Should I use try and accept in a while loop?

Question

I am supposed to return a list of words based upon the last letter of the last word that is provided. I am having issues terminating when a word is not found when the last letter of the last word provided is not available. Like "e", if there are no words that start with the letter "e", it will not terminate the function and throw and error.

def game(names):
    words_by_letter = {}
    current_word = names[0]
    phrase = [current_word]
    lookup_letter = current_word[-1]
    for name in names:
        if name[0] in words_by_letter:
            words_by_letter[name[0]].append(name)
        else:
            words_by_letter[name[0]] = [name]

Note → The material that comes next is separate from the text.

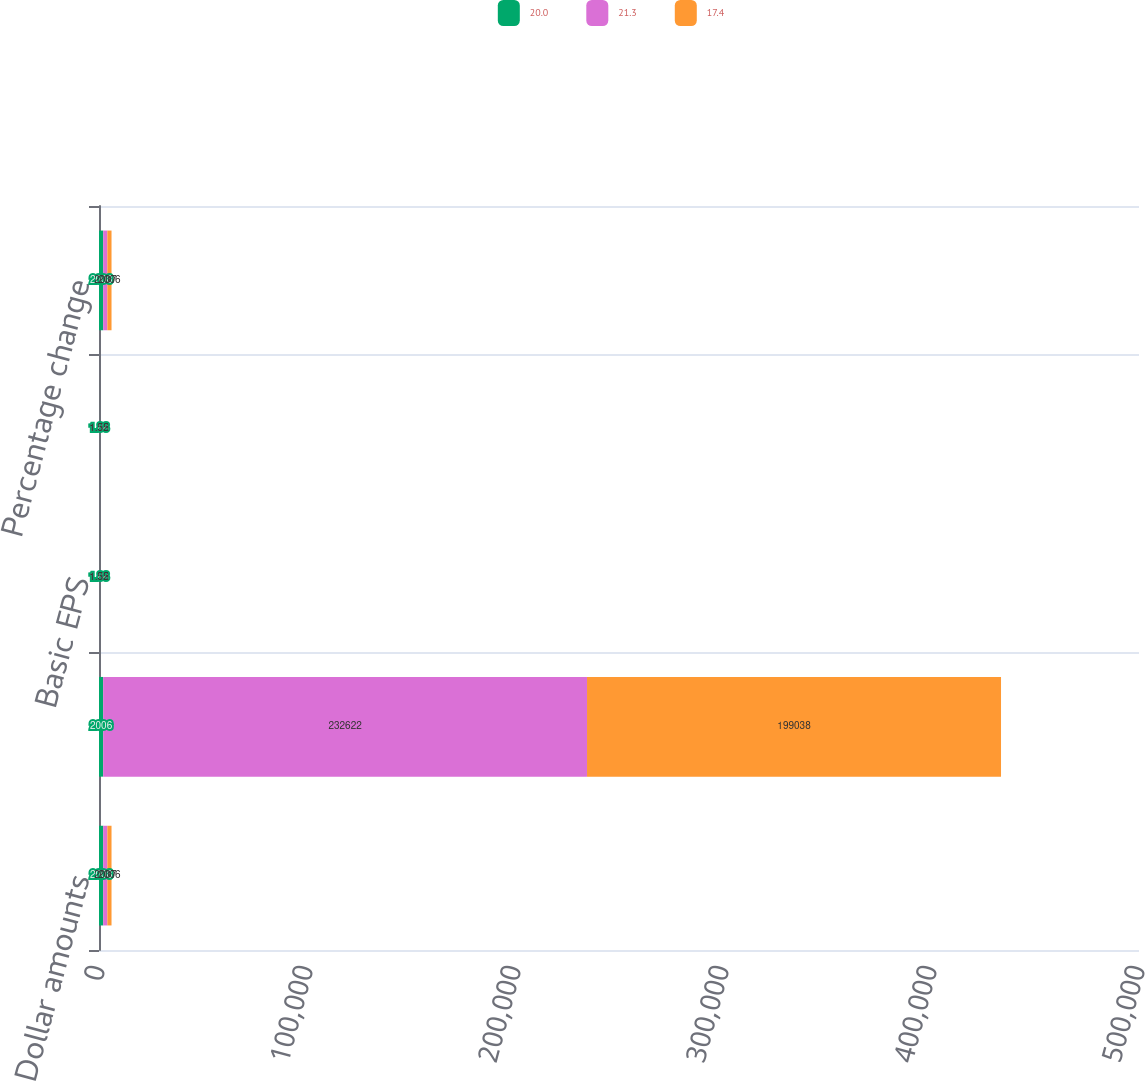Convert chart to OTSL. <chart><loc_0><loc_0><loc_500><loc_500><stacked_bar_chart><ecel><fcel>Dollar amounts<fcel>Net earnings<fcel>Basic EPS<fcel>Diluted EPS<fcel>Percentage change<nl><fcel>20<fcel>2008<fcel>2006<fcel>1.88<fcel>1.88<fcel>2008<nl><fcel>21.3<fcel>2007<fcel>232622<fcel>1.55<fcel>1.55<fcel>2007<nl><fcel>17.4<fcel>2006<fcel>199038<fcel>1.32<fcel>1.32<fcel>2006<nl></chart>

    while lookup_letter in words_by_letter:
        if lookup_letter[0]:
            next_word = words_by_letter[lookup_letter][0]
            phrase.append(next_word)
            del words_by_letter[current_word[0]][0]
            current_word = next_word
            lookup_letter = current_word[-1]
        else:
            break

    return phrase



print game(["bagon", "baltoy", "yamask", "starly", "nosepass", "kalob", "nicky", "booger"])
print game(["apple", "berry", "cherry"]) #should return ['apple']
print game(["noon", "naan", "nun"])

Answer 1

You can use flag in while loop.

flag = False

while lookup_letter in words_by_letter:
    if lookup_letter[0]:
        next_word = words_by_letter[lookup_letter][0]
        phrase.append(next_word)
        del words_by_letter[current_word[0]][0]
        current_word = next_word
        lookup_letter = current_word[-1]
        flag=True # Here if found it sets flag to true
    else:
        break
if flag:
    return phrase